• Exercise data:
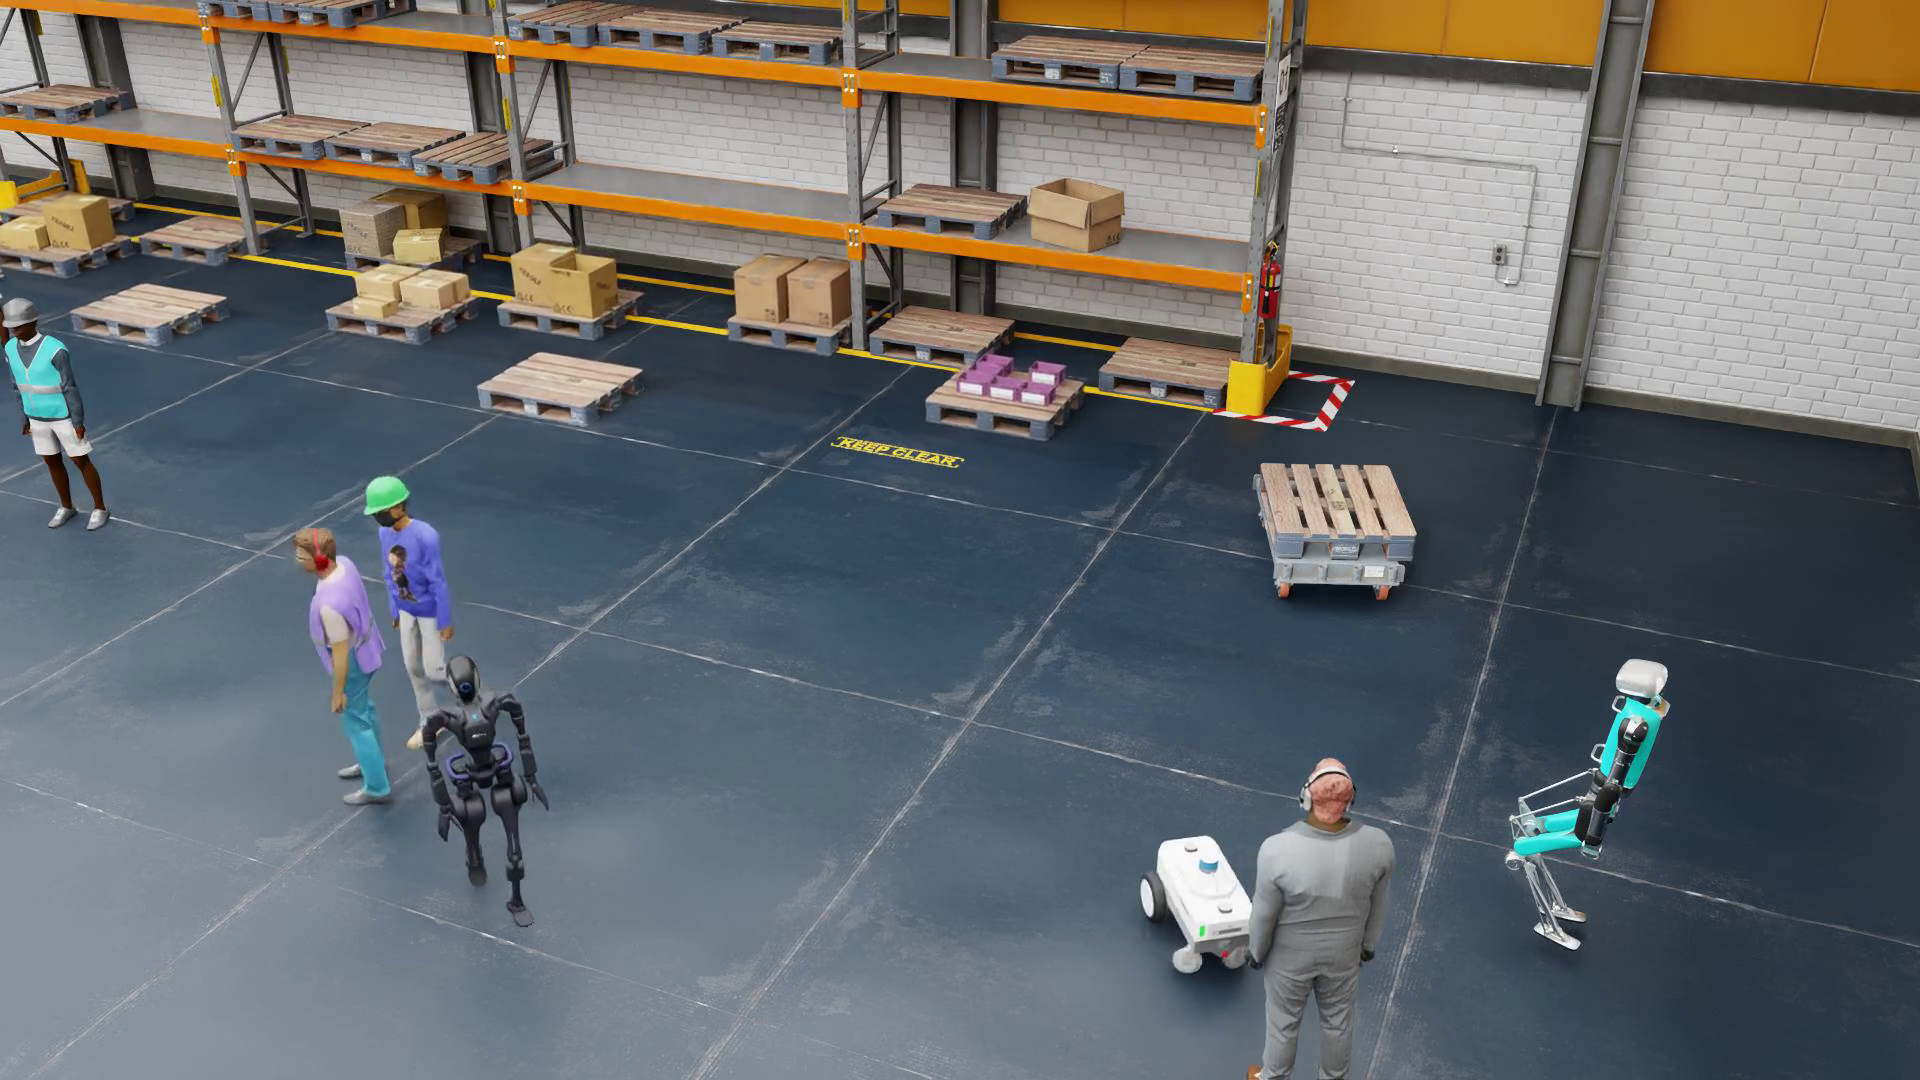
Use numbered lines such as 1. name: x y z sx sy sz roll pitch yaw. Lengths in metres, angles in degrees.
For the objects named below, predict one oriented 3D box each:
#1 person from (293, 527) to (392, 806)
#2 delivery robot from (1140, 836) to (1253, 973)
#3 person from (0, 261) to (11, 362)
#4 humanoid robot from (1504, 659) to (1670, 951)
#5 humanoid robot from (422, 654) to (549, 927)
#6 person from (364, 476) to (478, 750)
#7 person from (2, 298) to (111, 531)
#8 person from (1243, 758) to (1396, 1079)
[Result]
==
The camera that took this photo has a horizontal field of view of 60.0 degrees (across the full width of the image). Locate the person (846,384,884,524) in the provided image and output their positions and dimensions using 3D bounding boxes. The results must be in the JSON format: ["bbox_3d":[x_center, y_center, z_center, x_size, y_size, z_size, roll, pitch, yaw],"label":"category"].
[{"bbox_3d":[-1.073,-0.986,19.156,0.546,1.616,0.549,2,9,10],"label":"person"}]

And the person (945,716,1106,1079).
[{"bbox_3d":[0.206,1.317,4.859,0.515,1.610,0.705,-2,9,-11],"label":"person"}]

• Exercise details: Which lines in the entries above contain "humanoid"? Pull each of them out.

• Answer to the exercise:
#4 humanoid robot from (1504, 659) to (1670, 951)
#5 humanoid robot from (422, 654) to (549, 927)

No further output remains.